There’s more guarded encouragement with forward prospect Gabe Vilardi, who has progressed in his on-ice rehabilitation from a back injury with the team’s development staff but hasn’t played in a professional game since his Ontario Reign rehab assignment last December.
Today’s plan was for Vilardi to take the ice with a bigger group of “four or five” extra skaters and the development staff, per hockey ops. He’ll continue to be evaluated weekly, with the next step potentially being integrated into Ontario Reign practices. This follows standard protocol from injured players coming back from an injury in which they skate in a track suit, skate in complete gear by themselves, skate with a handful of players, gradually become integrated into full team skates, and then handle contact before their activation is weighed.
This is a deliberate process. The team is happy with where Vilardi is at and believes he’s ahead in his rehabilitation compared to any other time he attempted to skate his way back from the injury.

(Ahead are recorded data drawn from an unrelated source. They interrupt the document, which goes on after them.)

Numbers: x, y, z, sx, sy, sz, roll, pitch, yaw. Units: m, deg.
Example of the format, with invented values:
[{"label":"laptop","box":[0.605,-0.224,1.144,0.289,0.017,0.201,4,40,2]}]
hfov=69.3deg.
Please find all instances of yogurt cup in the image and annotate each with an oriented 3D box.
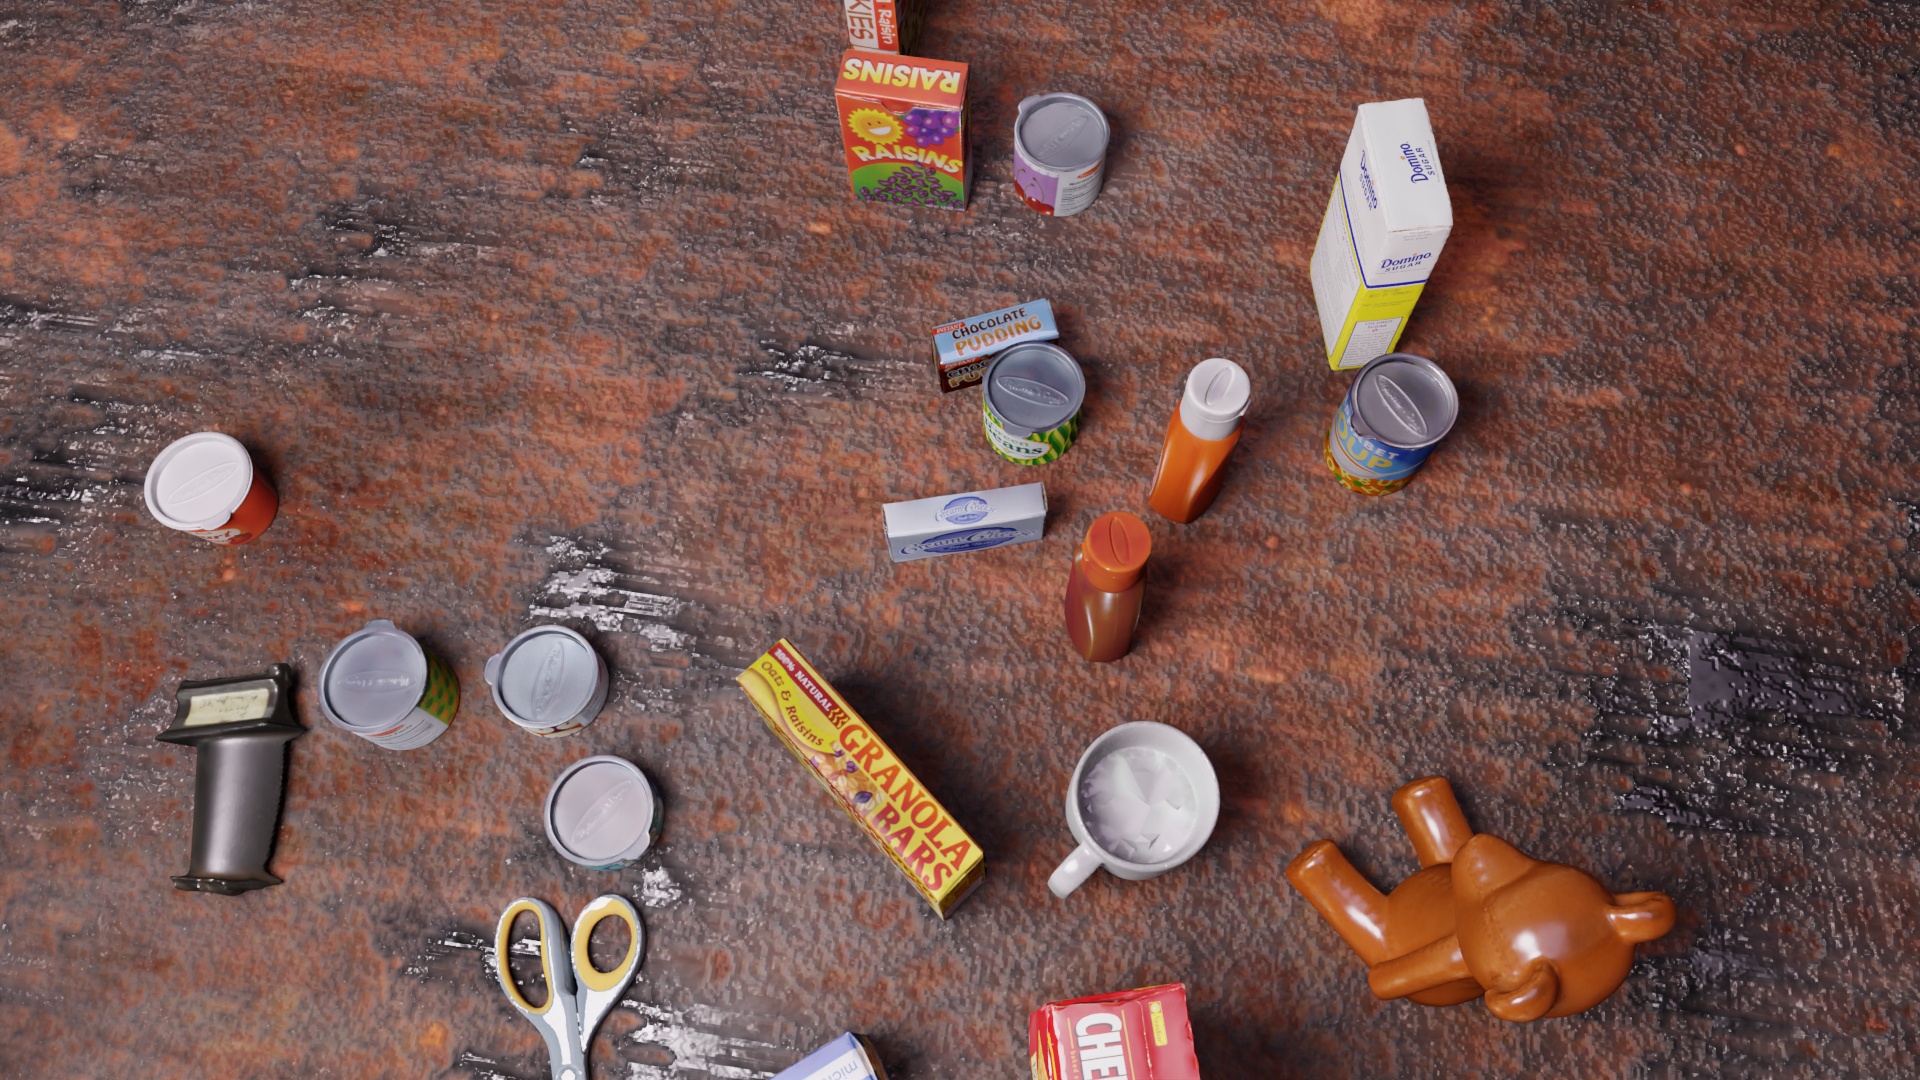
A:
[{"label":"yogurt cup","box":[-0.486,-0.030,0.910,0.072,0.053,0.072,0,70,1]}]

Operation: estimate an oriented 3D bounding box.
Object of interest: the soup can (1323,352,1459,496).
[{"label":"soup can","box":[0.273,-0.072,0.896,0.071,0.083,0.071,0,70,1]}]

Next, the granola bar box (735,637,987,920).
[{"label":"granola bar box","box":[-0.053,0.140,0.801,0.039,0.123,0.166,-42,74,-13]}]

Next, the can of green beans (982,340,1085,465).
[{"label":"can of green beans","box":[0.048,-0.090,0.920,0.071,0.057,0.071,0,70,1]}]

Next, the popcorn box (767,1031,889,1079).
[{"label":"popcorn box","box":[-0.101,0.317,0.757,0.127,0.085,0.038,-29,72,-9]}]

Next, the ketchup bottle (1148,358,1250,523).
[{"label":"ketchup bottle","box":[0.150,-0.063,0.860,0.043,0.148,0.065,29,73,11]}]

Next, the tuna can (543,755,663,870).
[{"label":"tuna can","box":[-0.214,0.167,0.842,0.071,0.032,0.071,0,70,1]}]

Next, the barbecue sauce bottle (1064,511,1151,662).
[{"label":"barbecue sauce bottle","box":[0.088,0.025,0.828,0.044,0.148,0.065,-8,70,-2]}]

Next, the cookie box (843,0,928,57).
[{"label":"cookie box","box":[-0.049,-0.412,0.983,0.040,0.167,0.123,10,71,5]}]

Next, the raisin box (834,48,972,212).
[{"label":"raisin box","box":[-0.037,-0.280,0.957,0.086,0.123,0.040,9,71,5]}]

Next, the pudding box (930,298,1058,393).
[{"label":"pudding box","box":[0.023,-0.132,0.940,0.084,0.049,0.030,-15,70,-4]}]

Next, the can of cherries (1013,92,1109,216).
[{"label":"can of cherries","box":[0.069,-0.276,0.988,0.071,0.058,0.072,0,70,1]}]

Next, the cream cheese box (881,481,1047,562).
[{"label":"cream cheese box","box":[0.003,-0.011,0.894,0.104,0.053,0.024,-8,70,-2]}]

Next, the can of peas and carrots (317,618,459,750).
[{"label":"can of peas and carrots","box":[-0.352,0.090,0.860,0.071,0.058,0.071,0,70,1]}]

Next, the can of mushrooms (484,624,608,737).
[{"label":"can of mushrooms","box":[-0.259,0.088,0.872,0.071,0.033,0.071,0,70,1]}]

But pain management is still something he’ll have to deal with throughout his career, as is the case with a number of players who experience back injuries.
More to come as the decision on integrating him into practice nears. From my indicators, he’s made good progress.
Selected 11th overall in 2017, Vilardi, who turned 20 in August, registered one assist in four games with the Reign on a conditioning assignment late last fall that was cut one game short due to the injury. He was arguably the best player in all of junior hockey when he registered 22 goals and 58 points in 32 games with OHL-Kingston – followed by 11 goals and 22 points in 16 playoff games – in the second half of the 2017-18 season.